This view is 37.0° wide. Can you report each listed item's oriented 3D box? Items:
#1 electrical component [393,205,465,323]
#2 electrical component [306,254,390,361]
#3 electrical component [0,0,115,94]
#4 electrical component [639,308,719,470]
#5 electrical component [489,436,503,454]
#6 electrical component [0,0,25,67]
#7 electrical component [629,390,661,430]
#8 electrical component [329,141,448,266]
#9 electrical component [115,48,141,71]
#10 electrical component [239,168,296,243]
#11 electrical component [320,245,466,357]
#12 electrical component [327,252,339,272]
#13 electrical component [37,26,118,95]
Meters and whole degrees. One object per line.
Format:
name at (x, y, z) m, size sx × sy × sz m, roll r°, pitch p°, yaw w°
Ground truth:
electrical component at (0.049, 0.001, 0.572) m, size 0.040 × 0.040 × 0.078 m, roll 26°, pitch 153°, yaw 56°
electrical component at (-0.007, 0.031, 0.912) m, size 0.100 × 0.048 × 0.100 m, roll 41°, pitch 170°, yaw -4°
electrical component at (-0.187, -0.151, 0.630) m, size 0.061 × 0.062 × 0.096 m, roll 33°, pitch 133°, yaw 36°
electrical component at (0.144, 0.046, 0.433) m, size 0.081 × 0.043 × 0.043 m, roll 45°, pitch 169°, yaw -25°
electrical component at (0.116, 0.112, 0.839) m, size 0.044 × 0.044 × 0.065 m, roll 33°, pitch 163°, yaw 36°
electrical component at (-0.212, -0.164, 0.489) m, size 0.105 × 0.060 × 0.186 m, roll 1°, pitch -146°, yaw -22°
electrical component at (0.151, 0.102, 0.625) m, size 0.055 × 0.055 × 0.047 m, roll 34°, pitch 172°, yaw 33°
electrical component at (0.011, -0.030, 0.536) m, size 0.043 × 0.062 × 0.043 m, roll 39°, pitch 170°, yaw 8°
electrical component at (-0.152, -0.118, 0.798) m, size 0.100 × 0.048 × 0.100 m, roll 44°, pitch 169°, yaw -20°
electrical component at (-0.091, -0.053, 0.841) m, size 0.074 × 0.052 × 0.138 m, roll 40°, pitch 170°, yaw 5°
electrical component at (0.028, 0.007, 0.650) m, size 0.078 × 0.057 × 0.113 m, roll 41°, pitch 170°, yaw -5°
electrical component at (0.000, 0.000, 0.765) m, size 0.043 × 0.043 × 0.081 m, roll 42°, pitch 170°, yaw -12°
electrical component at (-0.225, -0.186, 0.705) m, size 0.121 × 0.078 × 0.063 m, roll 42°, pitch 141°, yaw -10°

## Prompt
Write out, word for word, the line containing "#13 electrical component [37,26,118,95]" and every line after it to the end of the data above.

## Response to this task
#13 electrical component [37,26,118,95]
Meters and whole degrees. One object per line.
Format:
name at (x, y, z) m, size sx × sy × sz m, roll r°, pitch p°, yaw w°
Ground truth:
electrical component at (0.049, 0.001, 0.572) m, size 0.040 × 0.040 × 0.078 m, roll 26°, pitch 153°, yaw 56°
electrical component at (-0.007, 0.031, 0.912) m, size 0.100 × 0.048 × 0.100 m, roll 41°, pitch 170°, yaw -4°
electrical component at (-0.187, -0.151, 0.630) m, size 0.061 × 0.062 × 0.096 m, roll 33°, pitch 133°, yaw 36°
electrical component at (0.144, 0.046, 0.433) m, size 0.081 × 0.043 × 0.043 m, roll 45°, pitch 169°, yaw -25°
electrical component at (0.116, 0.112, 0.839) m, size 0.044 × 0.044 × 0.065 m, roll 33°, pitch 163°, yaw 36°
electrical component at (-0.212, -0.164, 0.489) m, size 0.105 × 0.060 × 0.186 m, roll 1°, pitch -146°, yaw -22°
electrical component at (0.151, 0.102, 0.625) m, size 0.055 × 0.055 × 0.047 m, roll 34°, pitch 172°, yaw 33°
electrical component at (0.011, -0.030, 0.536) m, size 0.043 × 0.062 × 0.043 m, roll 39°, pitch 170°, yaw 8°
electrical component at (-0.152, -0.118, 0.798) m, size 0.100 × 0.048 × 0.100 m, roll 44°, pitch 169°, yaw -20°
electrical component at (-0.091, -0.053, 0.841) m, size 0.074 × 0.052 × 0.138 m, roll 40°, pitch 170°, yaw 5°
electrical component at (0.028, 0.007, 0.650) m, size 0.078 × 0.057 × 0.113 m, roll 41°, pitch 170°, yaw -5°
electrical component at (0.000, 0.000, 0.765) m, size 0.043 × 0.043 × 0.081 m, roll 42°, pitch 170°, yaw -12°
electrical component at (-0.225, -0.186, 0.705) m, size 0.121 × 0.078 × 0.063 m, roll 42°, pitch 141°, yaw -10°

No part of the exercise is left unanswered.